◆ **EXERCISE GOAL**: Out of the material that follows, write out exactly the lines from the line with "table_cell 1 [889, 493, 963, 526]" to the line with "table_cell [120, 251, 313, 527]", both ends included, and no others.

◆ **TASK MATERIAL**:
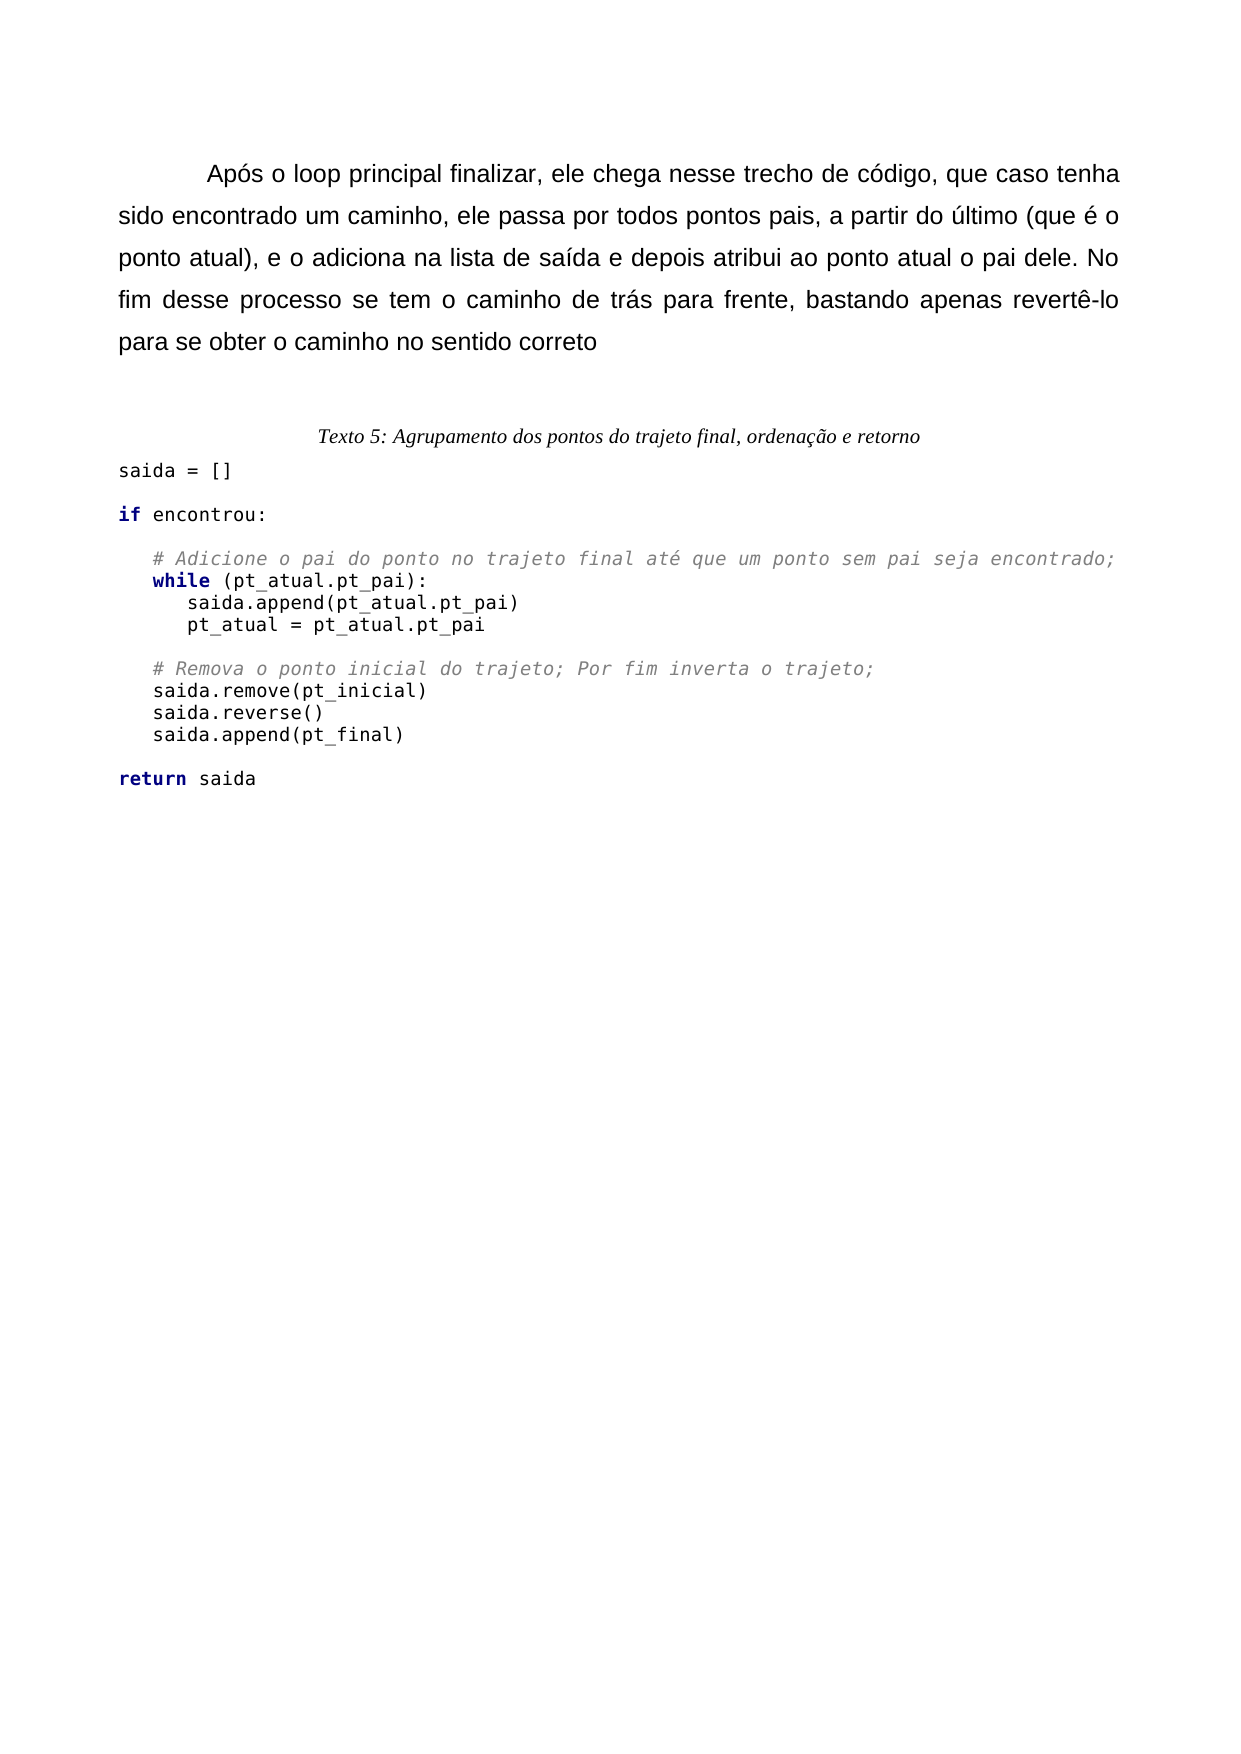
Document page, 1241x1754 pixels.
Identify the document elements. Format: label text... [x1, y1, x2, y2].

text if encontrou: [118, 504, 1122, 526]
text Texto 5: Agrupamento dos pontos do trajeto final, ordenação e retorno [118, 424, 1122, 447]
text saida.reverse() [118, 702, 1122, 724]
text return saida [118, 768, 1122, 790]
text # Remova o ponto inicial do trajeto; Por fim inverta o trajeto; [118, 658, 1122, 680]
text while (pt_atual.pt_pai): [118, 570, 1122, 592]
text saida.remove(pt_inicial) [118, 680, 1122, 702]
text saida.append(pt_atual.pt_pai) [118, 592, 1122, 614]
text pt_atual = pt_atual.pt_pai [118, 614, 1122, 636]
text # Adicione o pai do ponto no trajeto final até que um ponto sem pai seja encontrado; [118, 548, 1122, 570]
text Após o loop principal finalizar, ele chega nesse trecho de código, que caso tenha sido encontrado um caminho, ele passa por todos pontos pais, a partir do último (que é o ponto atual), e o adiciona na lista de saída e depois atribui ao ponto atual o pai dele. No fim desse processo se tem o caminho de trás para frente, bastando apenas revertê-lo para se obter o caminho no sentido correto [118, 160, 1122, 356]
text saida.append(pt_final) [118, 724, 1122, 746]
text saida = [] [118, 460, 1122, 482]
...
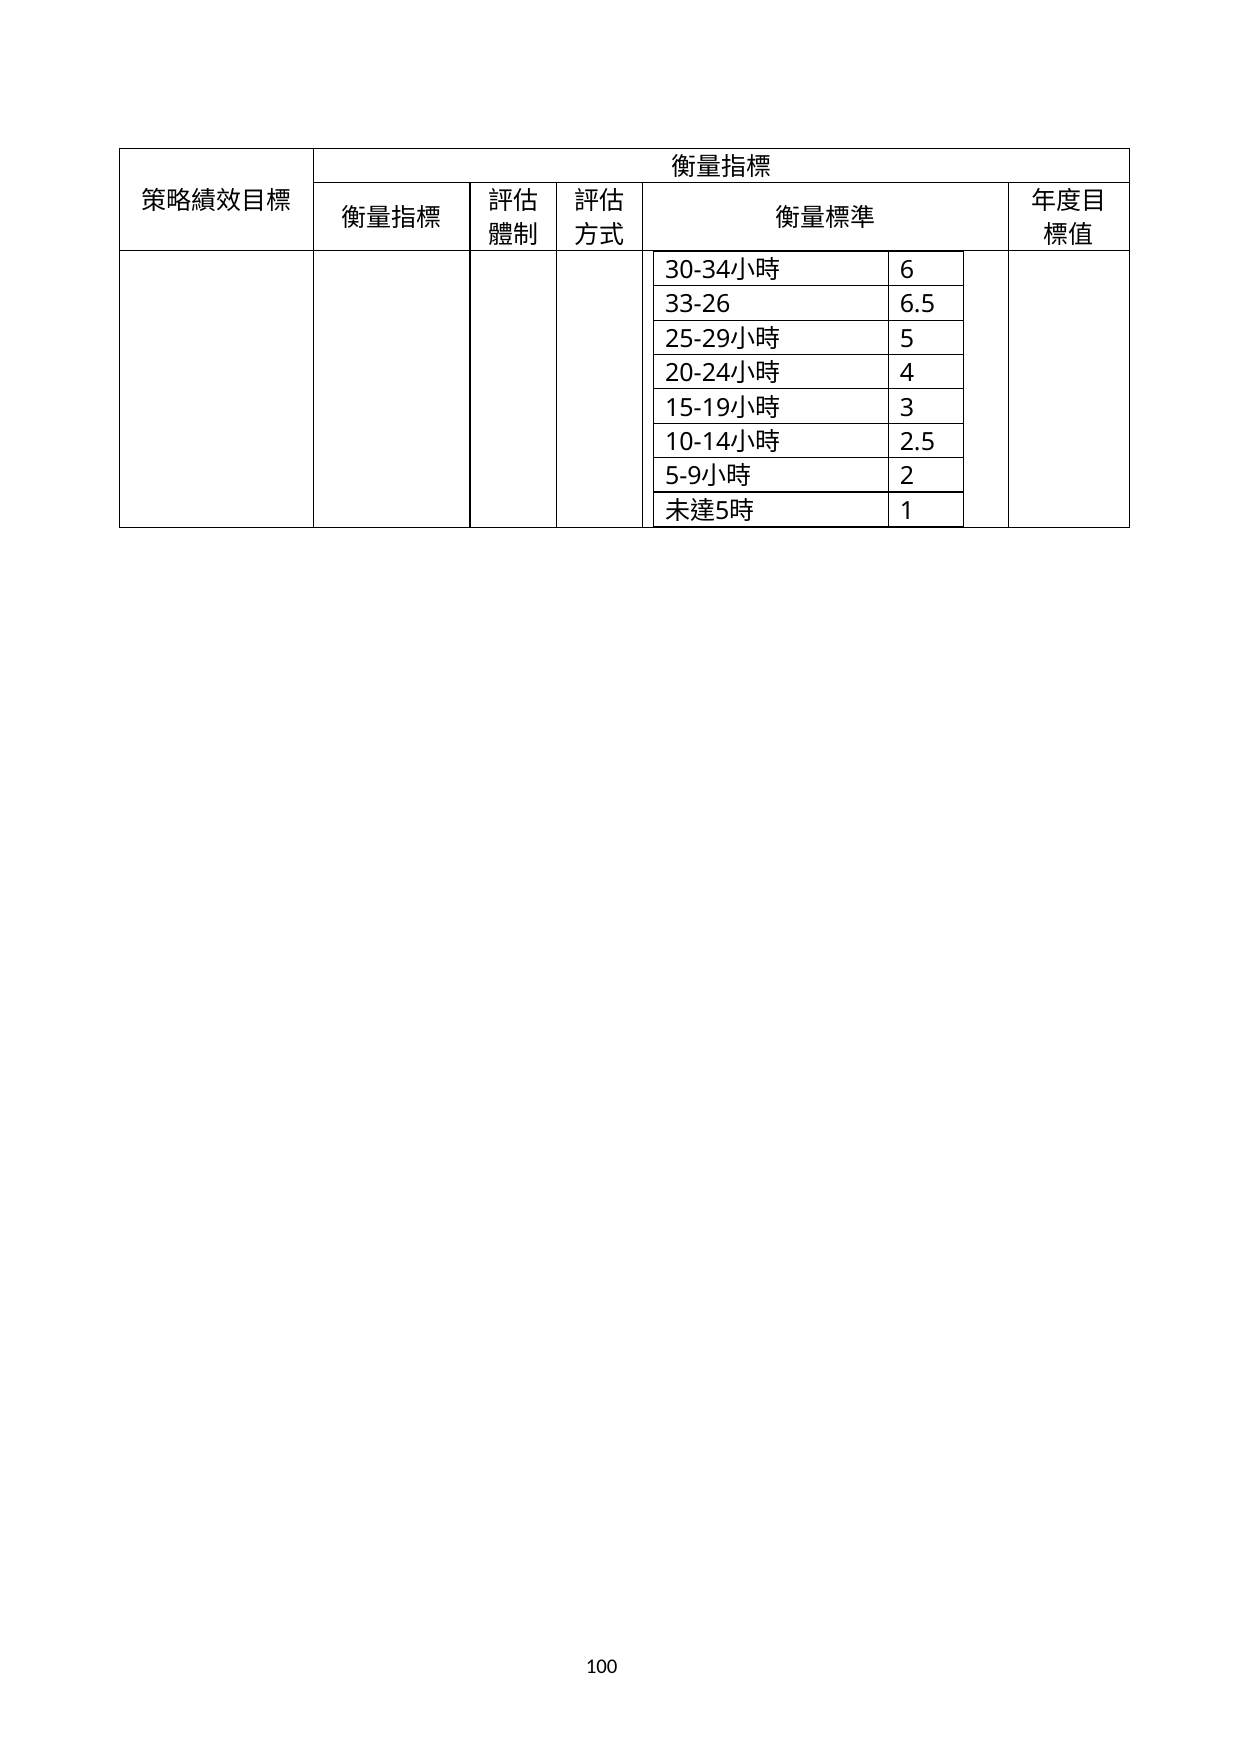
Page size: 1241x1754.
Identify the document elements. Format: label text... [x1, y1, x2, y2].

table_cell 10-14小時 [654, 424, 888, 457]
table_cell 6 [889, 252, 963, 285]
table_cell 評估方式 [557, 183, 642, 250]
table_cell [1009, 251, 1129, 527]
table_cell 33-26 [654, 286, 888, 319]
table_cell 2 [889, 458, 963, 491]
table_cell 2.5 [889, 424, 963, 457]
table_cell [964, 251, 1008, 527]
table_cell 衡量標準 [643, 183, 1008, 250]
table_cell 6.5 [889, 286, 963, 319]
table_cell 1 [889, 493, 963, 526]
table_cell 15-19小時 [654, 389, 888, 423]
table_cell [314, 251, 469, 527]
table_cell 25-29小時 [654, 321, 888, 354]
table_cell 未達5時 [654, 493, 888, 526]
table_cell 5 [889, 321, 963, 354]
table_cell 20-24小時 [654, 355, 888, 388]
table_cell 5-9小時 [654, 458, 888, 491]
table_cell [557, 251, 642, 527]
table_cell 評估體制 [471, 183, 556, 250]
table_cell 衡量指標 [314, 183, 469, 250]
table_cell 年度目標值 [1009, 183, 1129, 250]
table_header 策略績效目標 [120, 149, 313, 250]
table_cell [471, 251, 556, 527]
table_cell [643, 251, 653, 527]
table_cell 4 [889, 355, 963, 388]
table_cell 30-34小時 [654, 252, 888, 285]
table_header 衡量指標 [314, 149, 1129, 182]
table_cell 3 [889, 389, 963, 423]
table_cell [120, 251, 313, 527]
--
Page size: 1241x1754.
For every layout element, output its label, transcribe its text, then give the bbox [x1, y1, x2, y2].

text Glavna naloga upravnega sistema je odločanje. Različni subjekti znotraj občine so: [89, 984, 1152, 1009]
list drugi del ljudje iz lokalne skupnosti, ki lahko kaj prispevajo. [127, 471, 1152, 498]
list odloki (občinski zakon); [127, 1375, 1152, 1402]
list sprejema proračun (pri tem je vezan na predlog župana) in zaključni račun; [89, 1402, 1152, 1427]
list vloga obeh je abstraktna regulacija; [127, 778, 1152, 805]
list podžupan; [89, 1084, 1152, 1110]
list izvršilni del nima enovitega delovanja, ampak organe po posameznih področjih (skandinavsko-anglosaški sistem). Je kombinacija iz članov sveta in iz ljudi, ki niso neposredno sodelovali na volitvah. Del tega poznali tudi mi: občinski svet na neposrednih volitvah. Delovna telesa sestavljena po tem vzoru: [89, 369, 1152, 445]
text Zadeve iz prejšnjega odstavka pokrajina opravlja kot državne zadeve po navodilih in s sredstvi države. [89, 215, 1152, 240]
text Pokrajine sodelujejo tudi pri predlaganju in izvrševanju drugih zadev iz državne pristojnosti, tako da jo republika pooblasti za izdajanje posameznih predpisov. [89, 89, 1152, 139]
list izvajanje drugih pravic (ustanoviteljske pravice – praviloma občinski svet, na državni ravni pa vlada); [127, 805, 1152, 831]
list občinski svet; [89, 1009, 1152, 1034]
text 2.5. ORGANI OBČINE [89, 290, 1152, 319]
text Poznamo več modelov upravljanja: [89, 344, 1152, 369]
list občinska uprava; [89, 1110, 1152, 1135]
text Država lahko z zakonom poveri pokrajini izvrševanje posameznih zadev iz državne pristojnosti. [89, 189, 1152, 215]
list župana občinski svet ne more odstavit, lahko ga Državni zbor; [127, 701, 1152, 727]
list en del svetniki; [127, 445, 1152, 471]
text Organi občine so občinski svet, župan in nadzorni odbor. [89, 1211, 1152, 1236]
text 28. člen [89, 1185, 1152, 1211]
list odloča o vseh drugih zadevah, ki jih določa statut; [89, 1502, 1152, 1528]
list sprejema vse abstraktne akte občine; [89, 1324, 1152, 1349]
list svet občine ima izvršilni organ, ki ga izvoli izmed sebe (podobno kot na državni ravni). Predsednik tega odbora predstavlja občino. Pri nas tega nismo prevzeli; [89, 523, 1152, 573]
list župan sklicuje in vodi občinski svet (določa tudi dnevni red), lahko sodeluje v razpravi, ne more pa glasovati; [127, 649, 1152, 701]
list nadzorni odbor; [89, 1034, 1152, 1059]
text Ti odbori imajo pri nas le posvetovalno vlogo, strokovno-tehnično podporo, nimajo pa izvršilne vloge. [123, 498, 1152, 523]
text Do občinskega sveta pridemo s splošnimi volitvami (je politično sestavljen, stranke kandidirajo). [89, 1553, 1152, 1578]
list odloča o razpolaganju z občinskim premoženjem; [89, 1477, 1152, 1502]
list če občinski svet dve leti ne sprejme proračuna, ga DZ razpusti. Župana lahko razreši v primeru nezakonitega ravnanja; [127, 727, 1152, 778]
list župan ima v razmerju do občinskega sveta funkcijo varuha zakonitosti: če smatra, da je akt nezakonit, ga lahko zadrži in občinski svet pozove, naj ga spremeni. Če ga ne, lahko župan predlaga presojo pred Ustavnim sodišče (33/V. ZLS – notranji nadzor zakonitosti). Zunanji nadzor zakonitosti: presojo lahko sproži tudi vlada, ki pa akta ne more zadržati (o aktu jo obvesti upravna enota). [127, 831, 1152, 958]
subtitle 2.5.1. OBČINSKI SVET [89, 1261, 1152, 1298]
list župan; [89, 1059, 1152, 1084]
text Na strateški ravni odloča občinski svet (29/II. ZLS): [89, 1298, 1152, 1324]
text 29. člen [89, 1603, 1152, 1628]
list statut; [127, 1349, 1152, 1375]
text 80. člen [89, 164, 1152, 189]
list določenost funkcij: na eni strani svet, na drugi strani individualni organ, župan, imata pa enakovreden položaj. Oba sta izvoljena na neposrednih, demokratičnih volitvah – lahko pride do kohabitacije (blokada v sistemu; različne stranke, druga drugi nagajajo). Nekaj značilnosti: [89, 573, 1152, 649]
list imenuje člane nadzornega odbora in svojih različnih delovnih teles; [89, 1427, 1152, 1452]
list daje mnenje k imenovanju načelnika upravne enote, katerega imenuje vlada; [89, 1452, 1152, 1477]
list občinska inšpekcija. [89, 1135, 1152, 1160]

◆ **SOLUTION FOR THIS TASK**:
table_cell 1 [889, 493, 963, 526]
table_cell 15-19小時 [654, 389, 888, 423]
table_cell [314, 251, 469, 527]
table_cell 25-29小時 [654, 321, 888, 354]
table_cell 未達5時 [654, 493, 888, 526]
table_cell 5 [889, 321, 963, 354]
table_cell 20-24小時 [654, 355, 888, 388]
table_cell 5-9小時 [654, 458, 888, 491]
table_cell [557, 251, 642, 527]
table_cell 評估體制 [471, 183, 556, 250]
table_cell 衡量指標 [314, 183, 469, 250]
table_cell 年度目標值 [1009, 183, 1129, 250]
table_header 策略績效目標 [120, 149, 313, 250]
table_cell [471, 251, 556, 527]
table_cell [643, 251, 653, 527]
table_cell 4 [889, 355, 963, 388]
table_cell 30-34小時 [654, 252, 888, 285]
table_header 衡量指標 [314, 149, 1129, 182]
table_cell 3 [889, 389, 963, 423]
table_cell [120, 251, 313, 527]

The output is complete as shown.